::: INPUT DATA :::

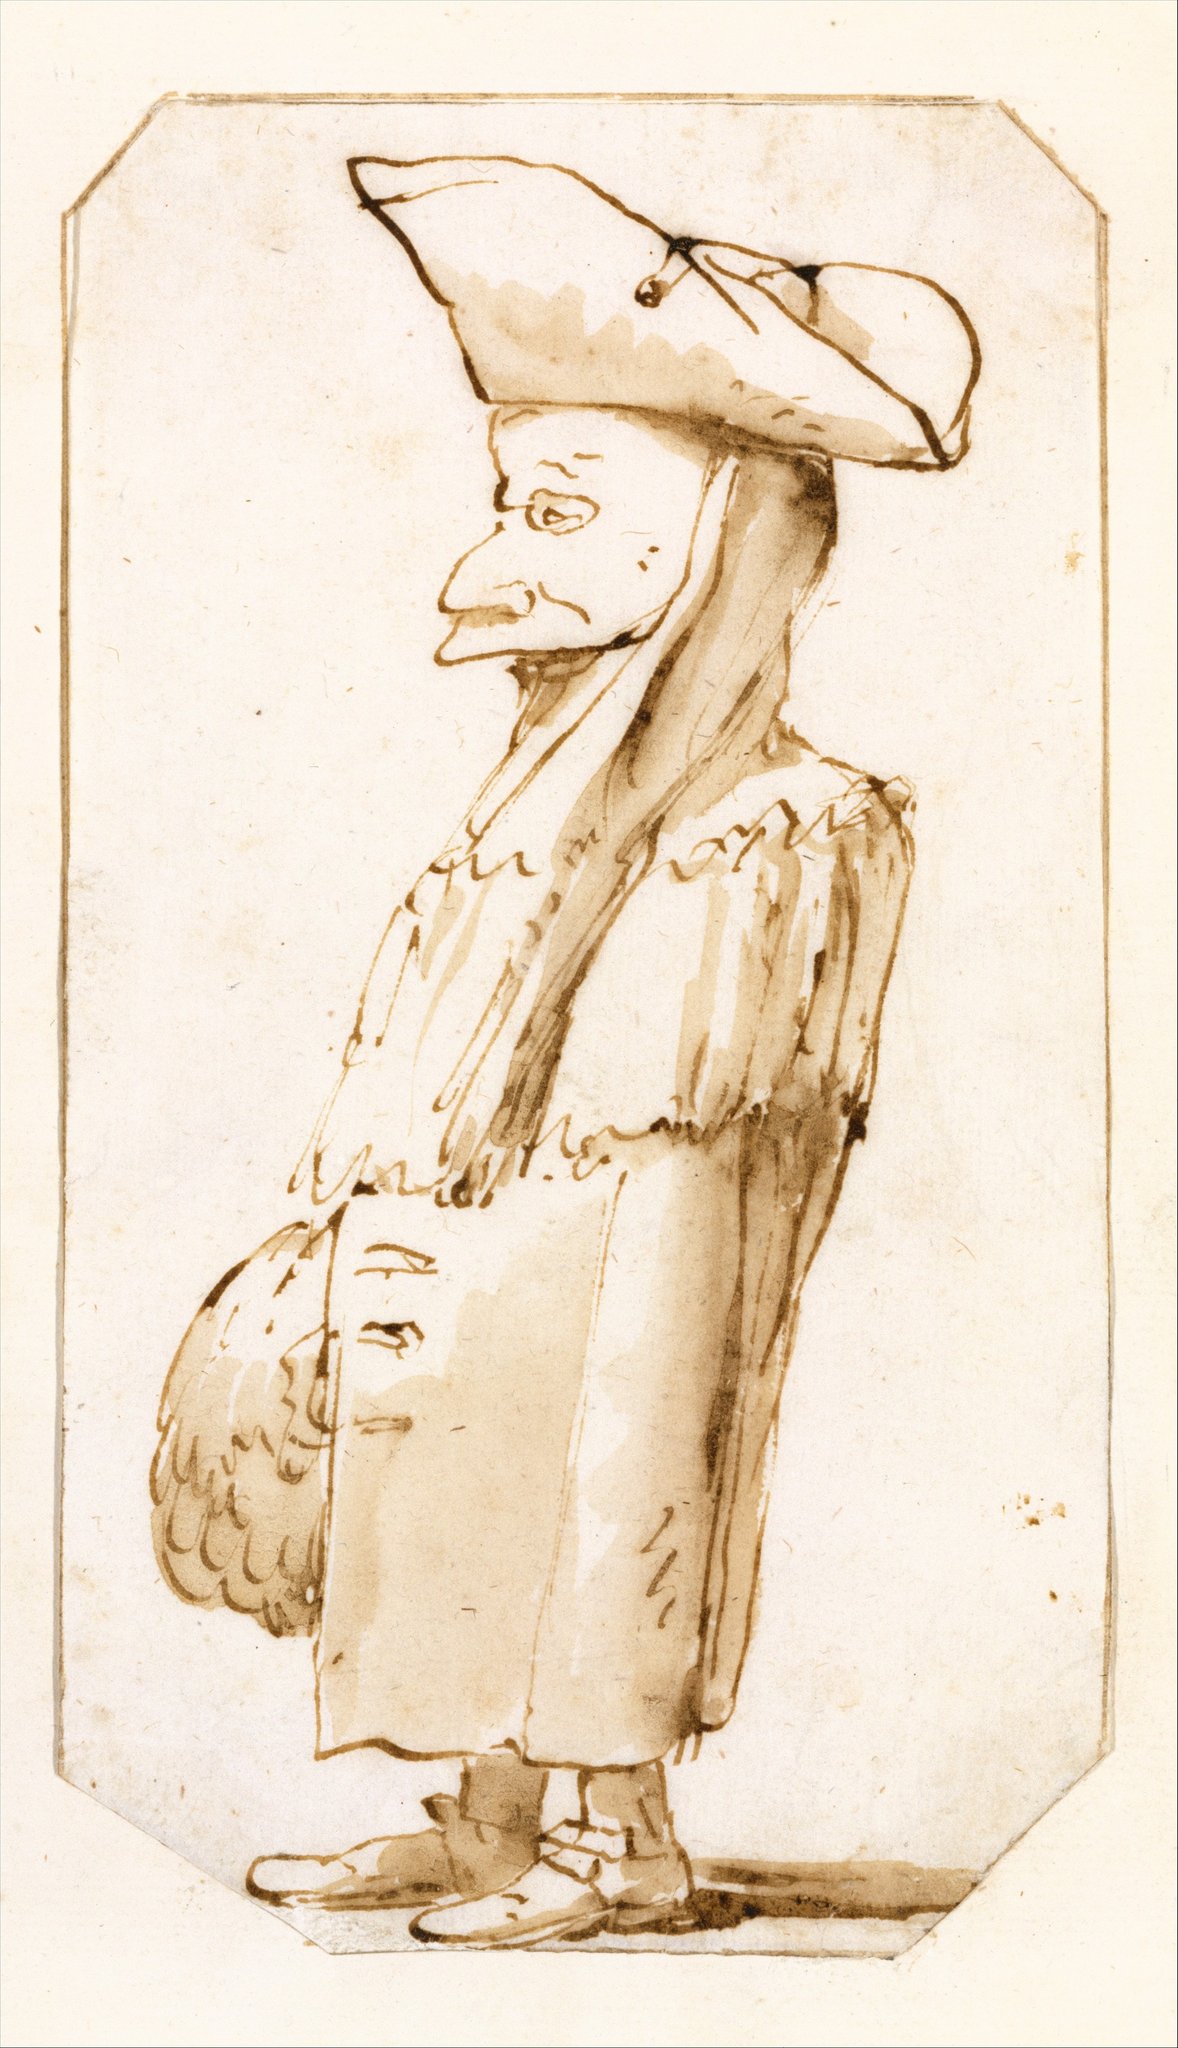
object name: drawing
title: Caricature of a Man in a Mask and a Tricorne, Standing in Profile to the Left
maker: giovanni battista tiepolo
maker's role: artist
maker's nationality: italian
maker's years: 1696-1770
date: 1760
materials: ink
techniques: pen, wash
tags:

:::

WHAT YOU NEED TO DO ▸
The copy must reproduce the listing above verbatim and contain no pictures.

EXPECTED OUTPUT ▸
object name: drawing
title: Caricature of a Man in a Mask and a Tricorne, Standing in Profile to the Left
maker: giovanni battista tiepolo
maker's role: artist
maker's nationality: italian
maker's years: 1696-1770
date: 1760
materials: ink
techniques: pen, wash
tags:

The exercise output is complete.